OPINION OF THE COURT
Per Curiam.The respondent was served with a petition containing eight charges of professional misconduct against him. The Special Referee sustained all eight charges. The Grievance Committee now moves to confirm the Special Referee’s report. The respondent has submitted an affirmation in response, admitting the charges and requesting that any final sanction imposed be deemed retroactive to the date of his interim suspension.
The charges are based on a common set of factual allegations.
On or about June 9, 1995, while acting in his capacity as attorney, the respondent was entrusted as a fiduciary with a check in the amount of $16,700 from Perry P. Panache, Esq., representing the down payment in a real estate transaction involving the respondent’s client, Mr. Montiel. The respondent was to hold that amount in escrow until closing or until a proper disbursement was required.
The respondent deposited that check into his Interest on Lawyer Account (hereinafter IOLA) on or about June 9, 1995. On November 1, 1995, before his fiduciary obligation to hold the $16,700 in escrow had been discharged, the balance in the respondent’s escrow account was depleted to $2,374.26. The respondent’s fiduciary obligation to hold the $16,700 in his escrow account was discharged on or about February 6, 1996.
On or about August 25, 1995, while acting in his fiduciary capacity as an attorney, the respondent was entrusted as a fiduciary with a $13,125 check representing the down payment in a real estate transaction with his client, Giovanna Cugini. The respondent was required to hold that amount in escrow until closing or until a proper disbursement relating to the transaction was required. The respondent deposited that check into his escrow account on or about August 25, 1995. On November 1, 1995, before the respondent’s fiduciary obligation to hold the $13,125 in escrow was discharged, the balance of that account was depleted to $2,374.26. The respondent’s obligation to hold that sum in escrow was discharged on or about December 15, 1995.
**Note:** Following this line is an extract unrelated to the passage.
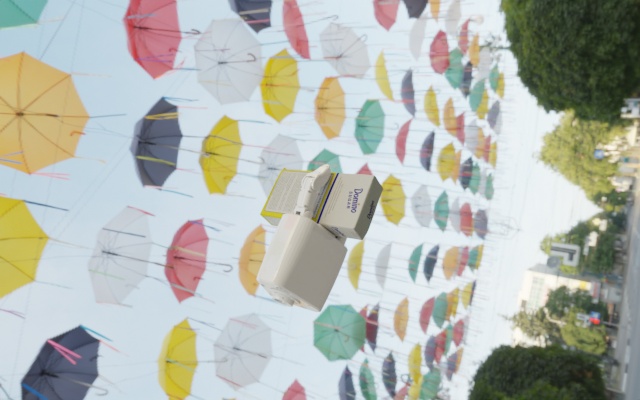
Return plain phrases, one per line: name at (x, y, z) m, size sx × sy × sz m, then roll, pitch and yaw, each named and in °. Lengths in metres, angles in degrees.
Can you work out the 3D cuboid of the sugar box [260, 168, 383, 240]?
sugar box at (0.000, 0.003, 0.740) m, size 0.176 × 0.093 × 0.048 m, roll 9°, pitch -26°, yaw 32°

*32On or about September 5, 1995, while acting in his fiduciary capacity, the respondent was entrusted with a $4,000 check from Joseph J. Sciallis, representing a partial down payment in a real estate transaction involving the respondent’s client, Barbara Heppeler. The respondent was required to hold that amount in escrow until closing or until a proper disbursement relating to the transaction was required. On or about September 5, 1995, the respondent deposited that check into his attorney escrow account. On November 1, 1995, before the respondent’s fiduciary obligation was discharged, the balance in the respondent’s escrow account was depleted to $2,374.26. The respondent’s obligation to hold the $4,000 in escrow was discharged on or about December 19, 1995.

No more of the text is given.